The future holds promise for seamless collaboration between robots and humans, with exoskeletons – wearable robotic suits – leading the charge by augmenting human strength, endurance, and capabilities. However, crafting effective and safe exoskeletons goes beyond simply having cutting-edge hardware. Simulations play a critical role in optimizing and evaluating these robotic suits before they interact with humans.
![](https://www.pubmanu.com/wp-content/uploads/2024/04/Publication-Package-Services-1.jpg)
Historically, conventional approaches to exoskeleton simulations tend to focus solely on the mechanics of the exoskeleton itself, neglecting the crucial human element. This analogy is similar to choreographing a dance without considering both partners’ input. A novel approach bridges this gap by introducing human-motion-based simulations. These simulations consider the real-time movements of the person wearing the exoskeleton.
Rather than constructing a rigid human model within the simulation, realistic human motion data is imported from a digital human model. This allows the exoskeleton to respond naturally to the user’s movements, mimicking real-life scenarios. Additionally, the physical interaction between the exoskeleton and the human body is incorporated, accurately simulating the forces exerted at the connection points.
This approach offers several advantages:
- Realistic performance: The exoskeleton reacts to natural human motion, resulting in more accurate simulations and better design choices.
- Reduced complexity: Eliminating the need for a complex human model within the simulation saves time and computational resources.
- Optimized design: Simulations enable testing various exoskeleton configurations and support profiles, paving the way for optimal designs tailored to specific tasks and user needs.
The feasibility and accuracy of this human-motion-based simulation were validated through testing with a real shoulder exoskeleton. Simulations were compared to data from a lab study, demonstrating the approach’s effectiveness in replicating real-world interactions.
This novel approach has the potential to revolutionize exoskeleton development by:
- Enhancing safety and effectiveness: Simulation of real-world interactions ensures seamless and safe collaboration between exoskeletons and the human body.

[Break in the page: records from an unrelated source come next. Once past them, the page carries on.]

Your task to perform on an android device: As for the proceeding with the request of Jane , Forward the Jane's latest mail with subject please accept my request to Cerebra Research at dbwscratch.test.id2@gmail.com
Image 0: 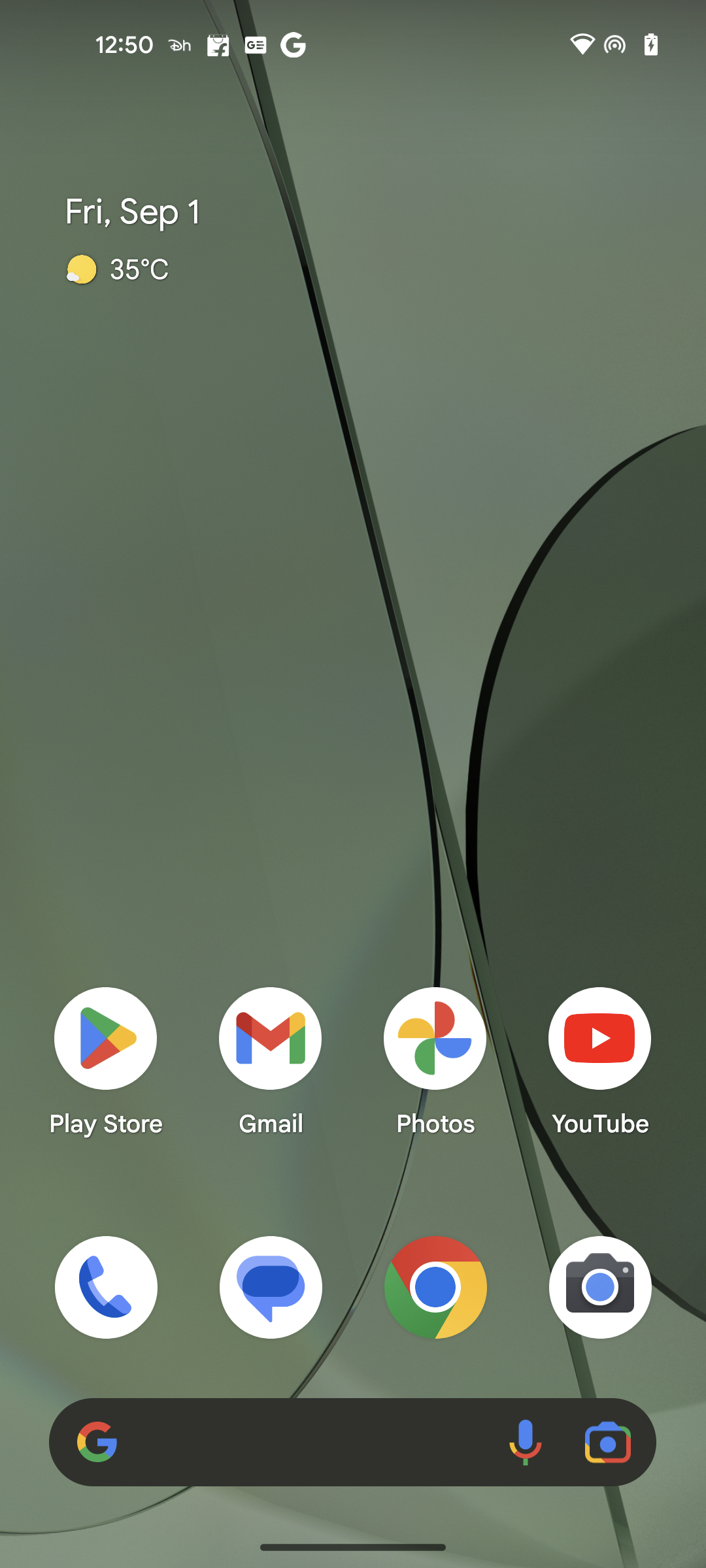
Open the Gmail app
Step 0: open app "Gmail"
Image 1: 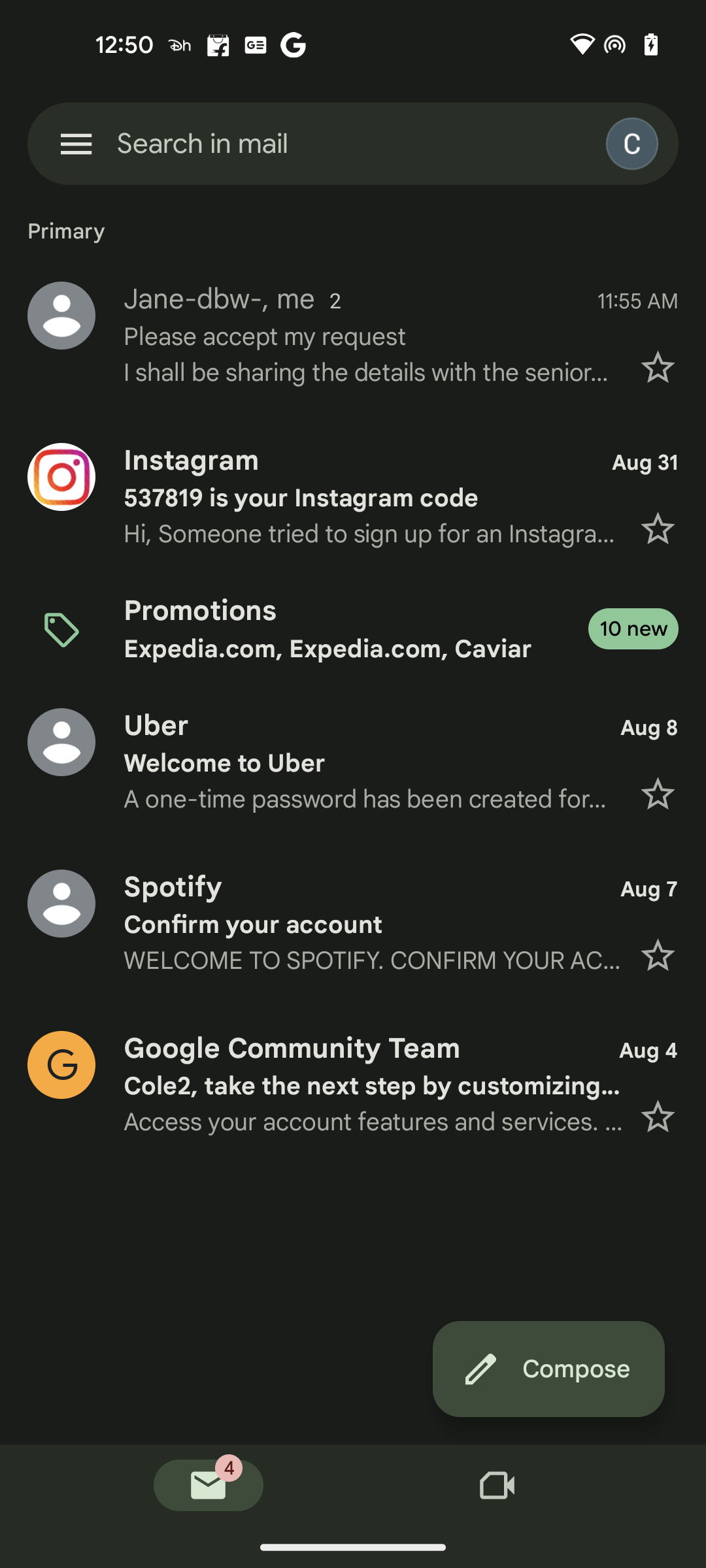
Click on the mail from Jane 
Step 1: click (373, 336)
Image 2: 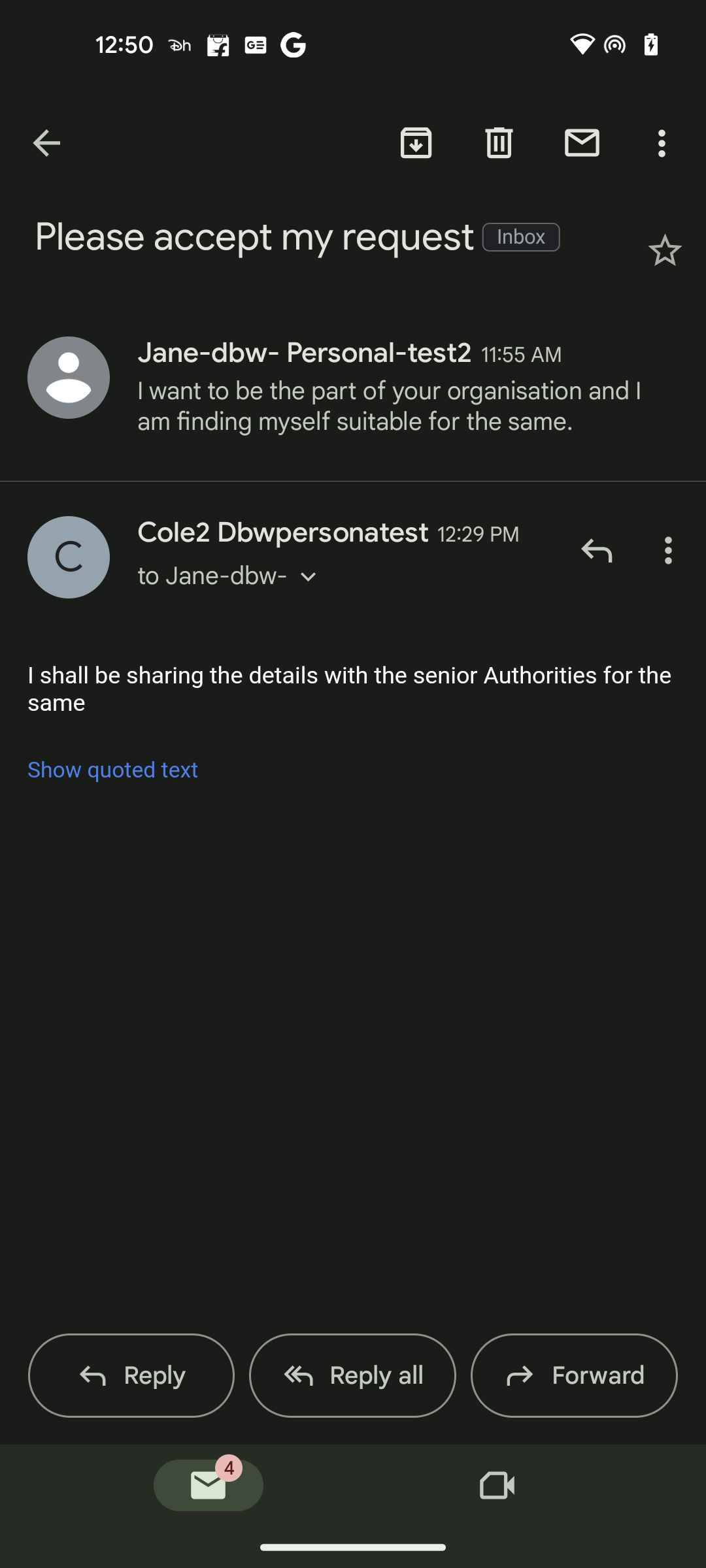
Click on the Forward button at the bottom right corner of the screen
Step 2: click (597, 1375)
Image 4: 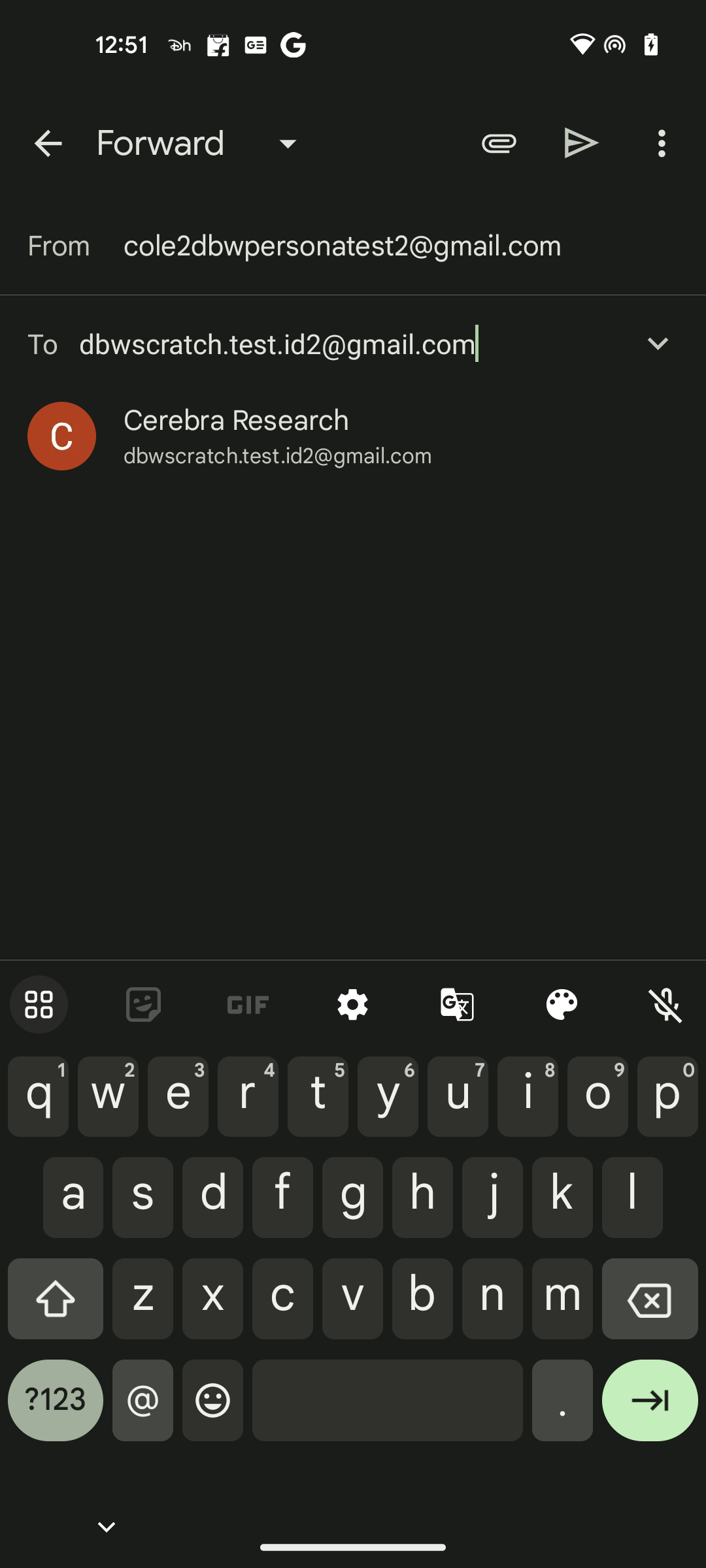
Click on the Cerebra Research mail id
Step 4: click (278, 456)
Image 5: 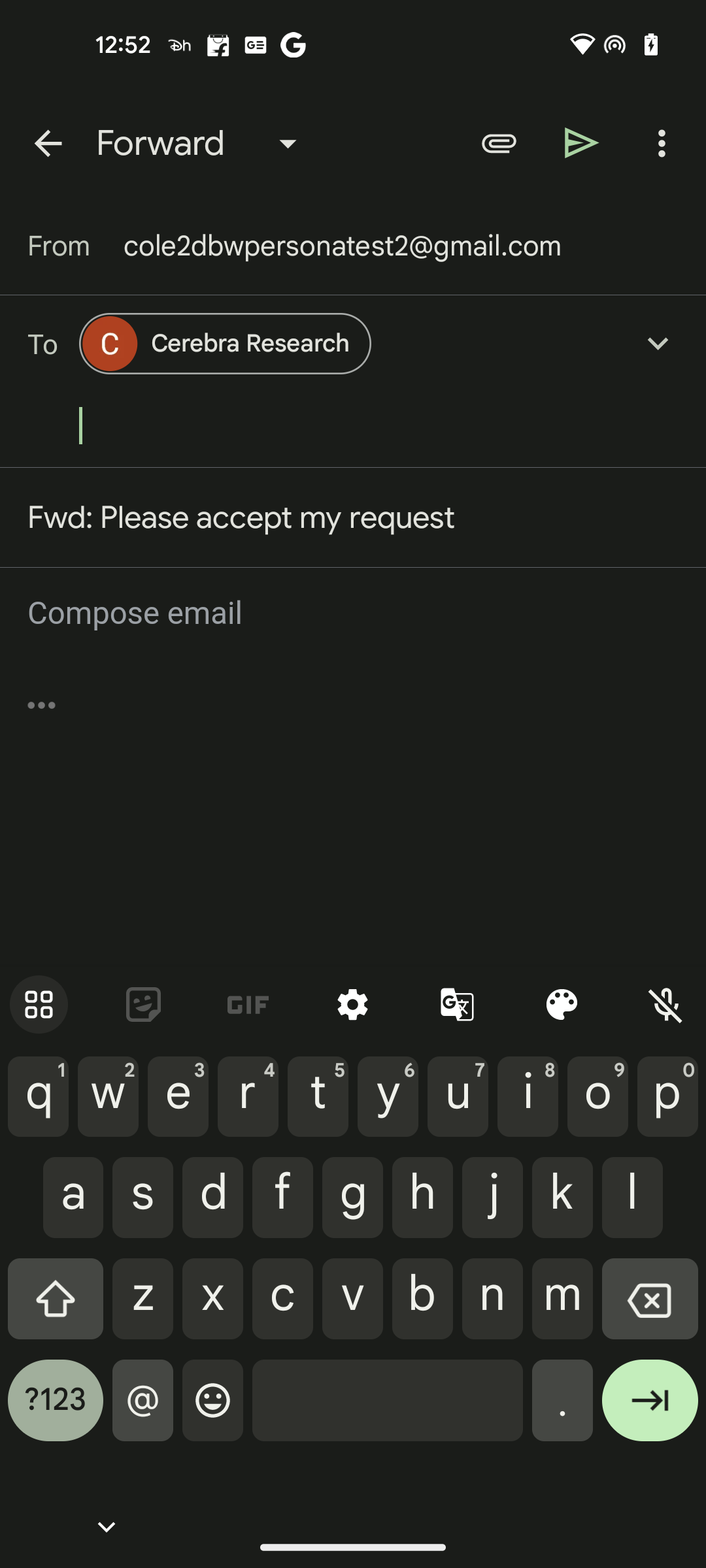
Click on the Send button at the top of the screen
Step 5: click (582, 142)

- Accelerating development cycles: Rapid testing and optimization through simulation expedite the design process, bringing exoskeletons to market faster.
- Enabling personalized exoskeletons: The flexibility offered by simulation allows for tailoring exoskeleton designs to individual user needs and preferences.
The future of human-robot collaboration holds immense promise, and our human-motion-based simulation serves as a key step toward realizing this vision. By bridging the gap between humans and exoskeletons in the digital realm, we pave the way for a future where humans and robots work together, achieving feats beyond imagination.